* TASK REQUIREMENTS:
All of the entries must be reproduced exactly, with no images carried over.

* DATA EXTRACTS:
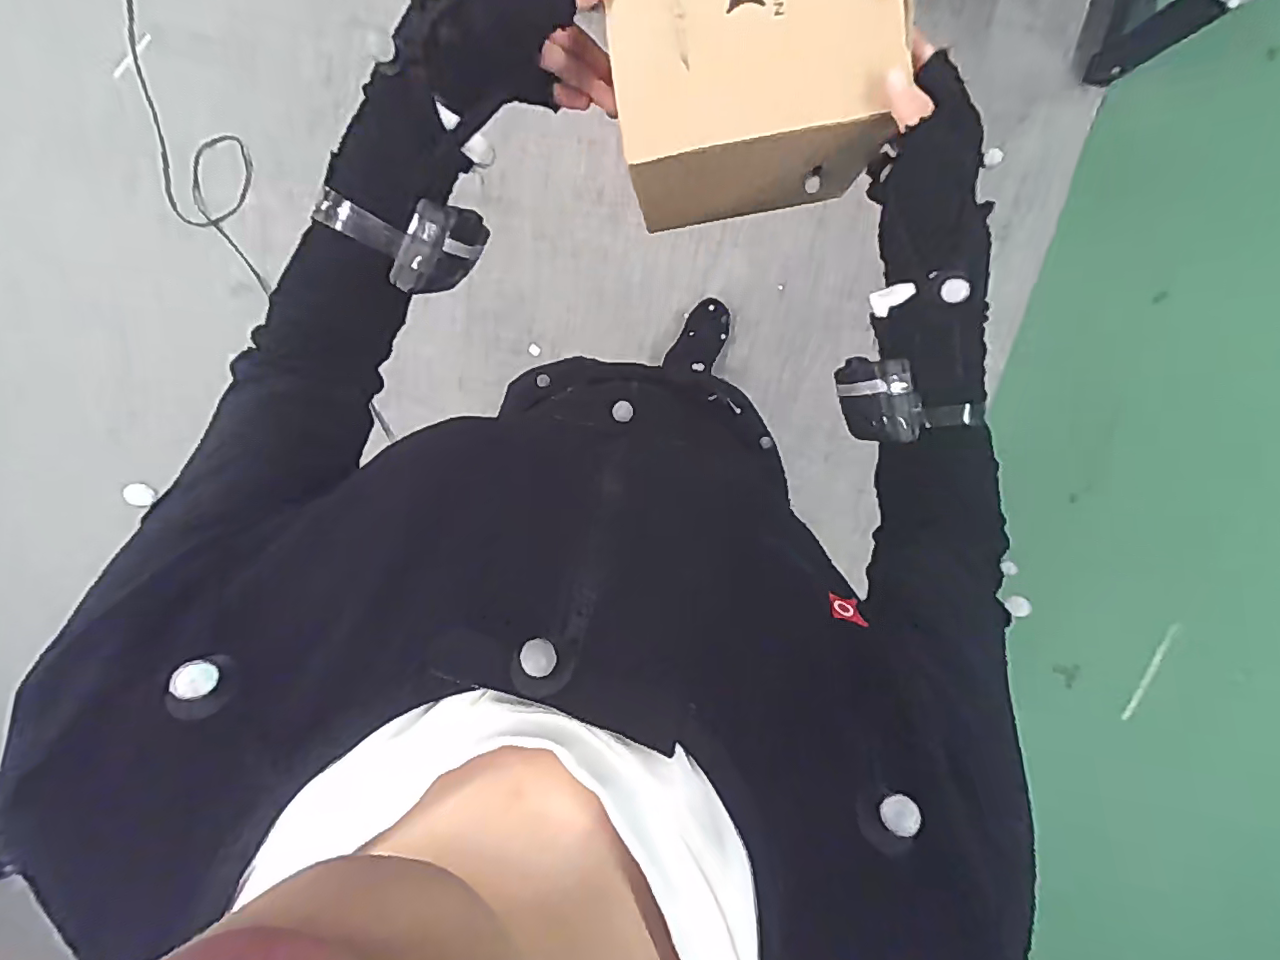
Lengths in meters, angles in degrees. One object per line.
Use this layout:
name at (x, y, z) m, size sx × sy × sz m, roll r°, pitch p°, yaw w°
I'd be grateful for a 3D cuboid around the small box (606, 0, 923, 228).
small box at (0.075, -0.301, 0.387) m, size 0.179 × 0.176 × 0.168 m, roll -8°, pitch 98°, yaw 9°
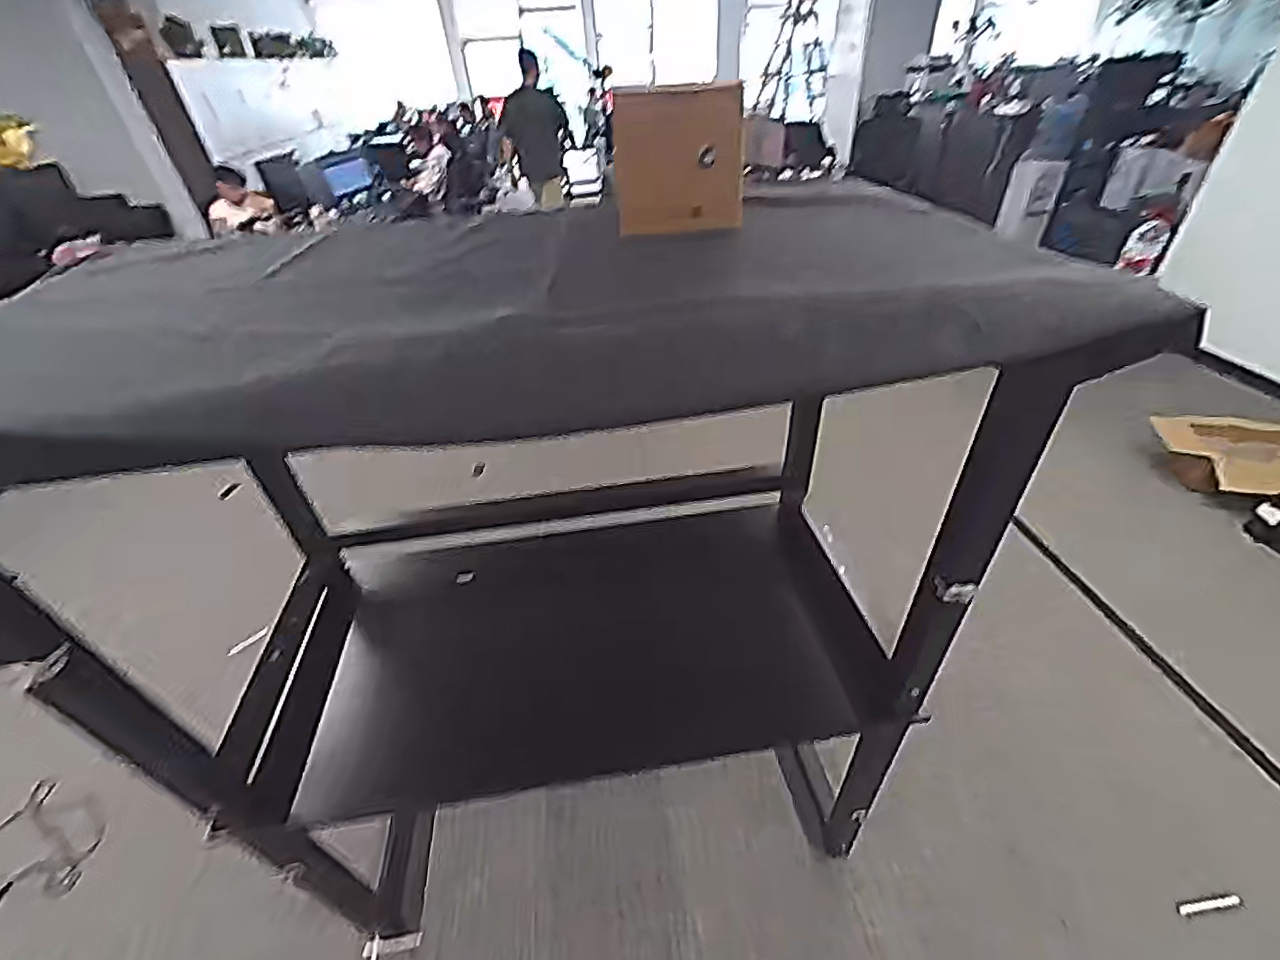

* YOUR RESPONSE:
Lengths in meters, angles in degrees. One object per line.
Use this layout:
name at (x, y, z) m, size sx × sy × sz m, roll r°, pitch p°, yaw w°
I'd be grateful for a 3D cuboid around the small box (606, 0, 923, 228).
small box at (0.075, -0.301, 0.387) m, size 0.179 × 0.176 × 0.168 m, roll -8°, pitch 98°, yaw 9°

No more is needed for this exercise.